▶ [WHAT TO PRODUCE] Could you output the listing that follows exactly, without its images?

#####

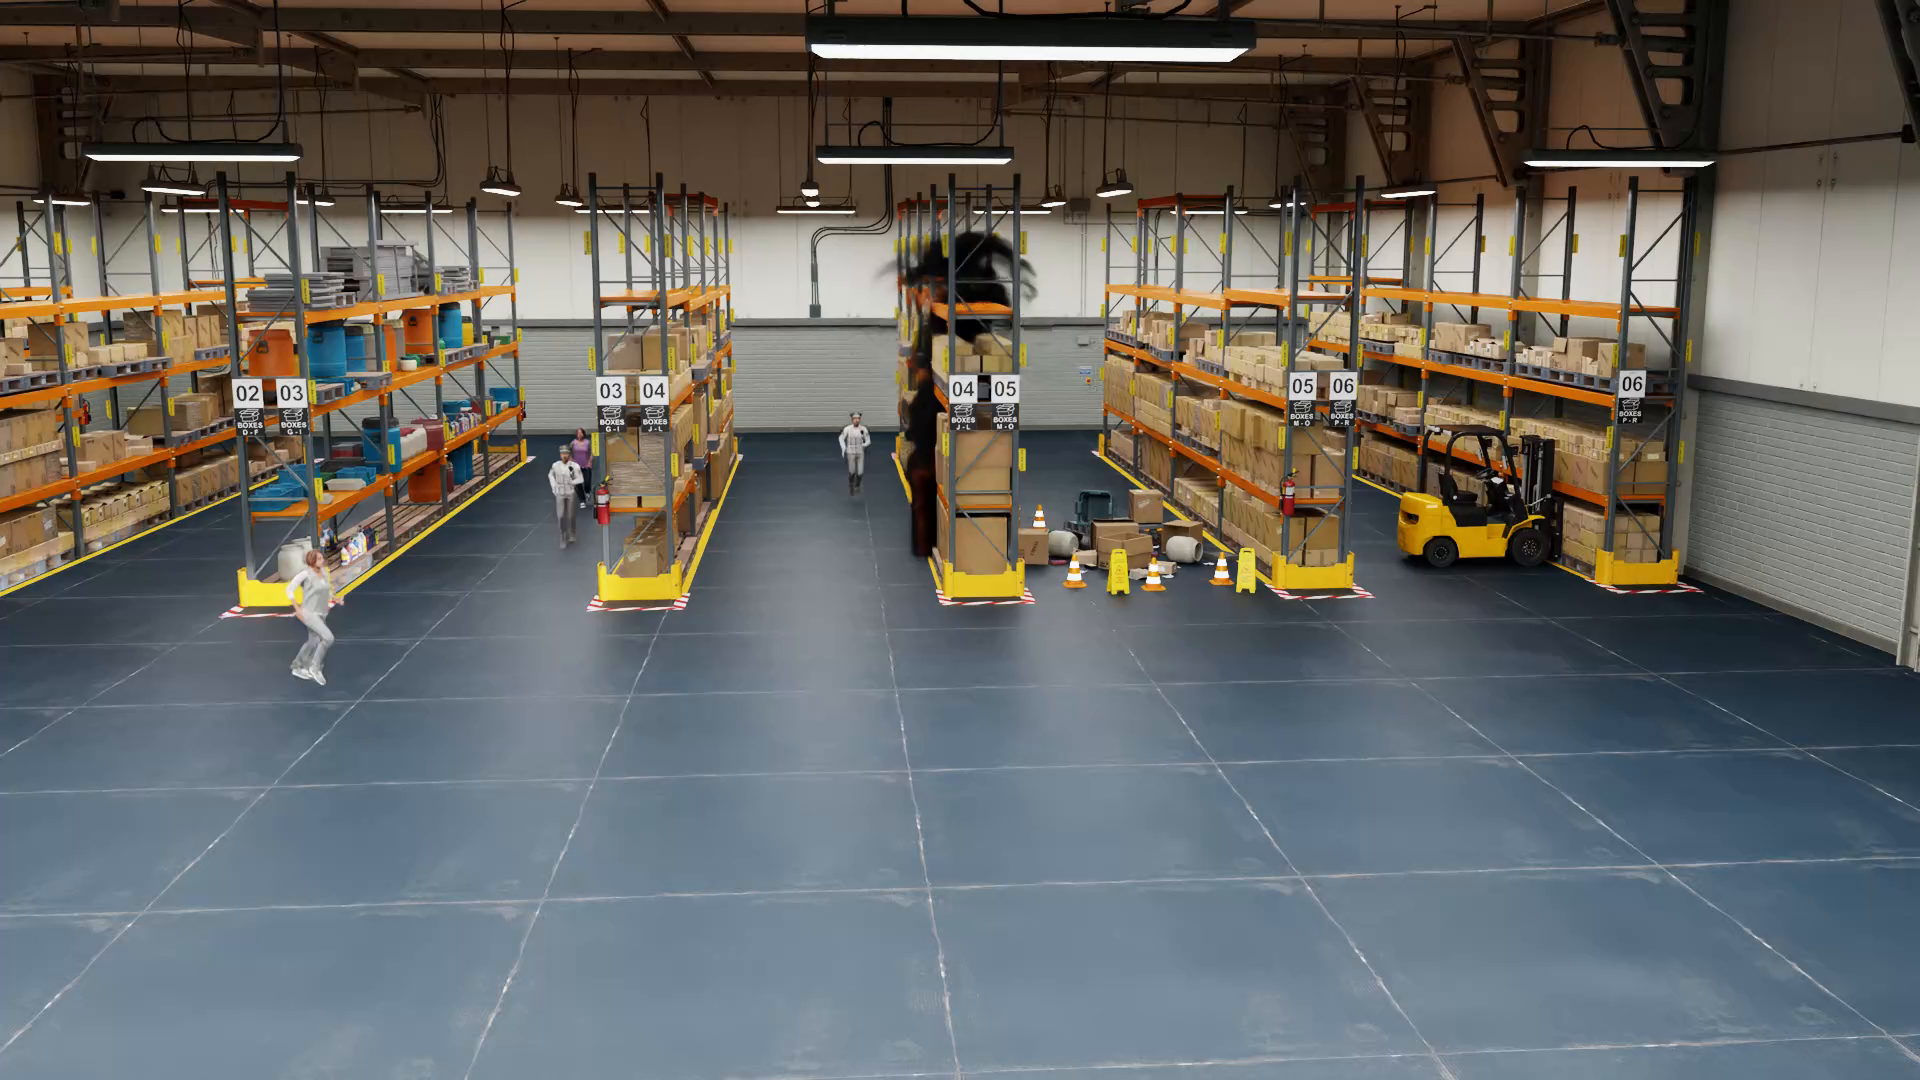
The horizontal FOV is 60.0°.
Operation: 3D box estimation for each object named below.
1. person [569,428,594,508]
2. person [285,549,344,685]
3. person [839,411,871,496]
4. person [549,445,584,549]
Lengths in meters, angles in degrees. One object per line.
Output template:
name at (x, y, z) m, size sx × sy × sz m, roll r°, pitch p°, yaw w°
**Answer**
person at (-7.313, -1.398, 32.147) m, size 0.532 × 1.550 × 0.559 m, roll -2°, pitch 10°, yaw -11°
person at (-7.456, 0.880, 19.197) m, size 0.756 × 1.579 × 0.455 m, roll 2°, pitch 10°, yaw 14°
person at (-2.020, -1.665, 32.234) m, size 0.599 × 1.656 × 0.556 m, roll -2°, pitch 10°, yaw -10°
person at (-6.642, -0.735, 28.070) m, size 0.601 × 1.757 × 0.675 m, roll -1°, pitch 10°, yaw -6°

#####

▶ [EXERCISE ANSWER]
The horizontal FOV is 60.0°.
Operation: 3D box estimation for each object named below.
1. person [569,428,594,508]
2. person [285,549,344,685]
3. person [839,411,871,496]
4. person [549,445,584,549]
Lengths in meters, angles in degrees. One object per line.
Output template:
name at (x, y, z) m, size sx × sy × sz m, roll r°, pitch p°, yaw w°
**Answer**
person at (-7.313, -1.398, 32.147) m, size 0.532 × 1.550 × 0.559 m, roll -2°, pitch 10°, yaw -11°
person at (-7.456, 0.880, 19.197) m, size 0.756 × 1.579 × 0.455 m, roll 2°, pitch 10°, yaw 14°
person at (-2.020, -1.665, 32.234) m, size 0.599 × 1.656 × 0.556 m, roll -2°, pitch 10°, yaw -10°
person at (-6.642, -0.735, 28.070) m, size 0.601 × 1.757 × 0.675 m, roll -1°, pitch 10°, yaw -6°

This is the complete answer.